■ **Goal of the exercise**
Please set down each of the lines below once more, exactly, omitting all pictures.

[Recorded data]
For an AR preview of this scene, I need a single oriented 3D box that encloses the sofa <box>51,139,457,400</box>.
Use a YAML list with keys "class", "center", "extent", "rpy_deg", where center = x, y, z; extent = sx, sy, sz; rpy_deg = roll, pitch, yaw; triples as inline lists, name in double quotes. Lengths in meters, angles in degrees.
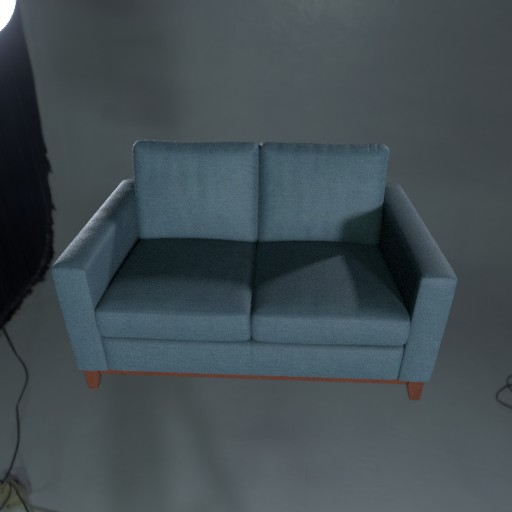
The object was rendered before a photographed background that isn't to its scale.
- class: "sofa"
  center: [0.000, 0.000, 2.070]
  extent: [1.489, 0.903, 0.955]
  rpy_deg: [1, 31, 2]

■ **Task solution**
For an AR preview of this scene, I need a single oriented 3D box that encloses the sofa <box>51,139,457,400</box>.
Use a YAML list with keys "class", "center", "extent", "rpy_deg", where center = x, y, z; extent = sx, sy, sz; rpy_deg = roll, pitch, yaw; triples as inline lists, name in double quotes. Lengths in meters, angles in degrees.
The object was rendered before a photographed background that isn't to its scale.
- class: "sofa"
  center: [0.000, 0.000, 2.070]
  extent: [1.489, 0.903, 0.955]
  rpy_deg: [1, 31, 2]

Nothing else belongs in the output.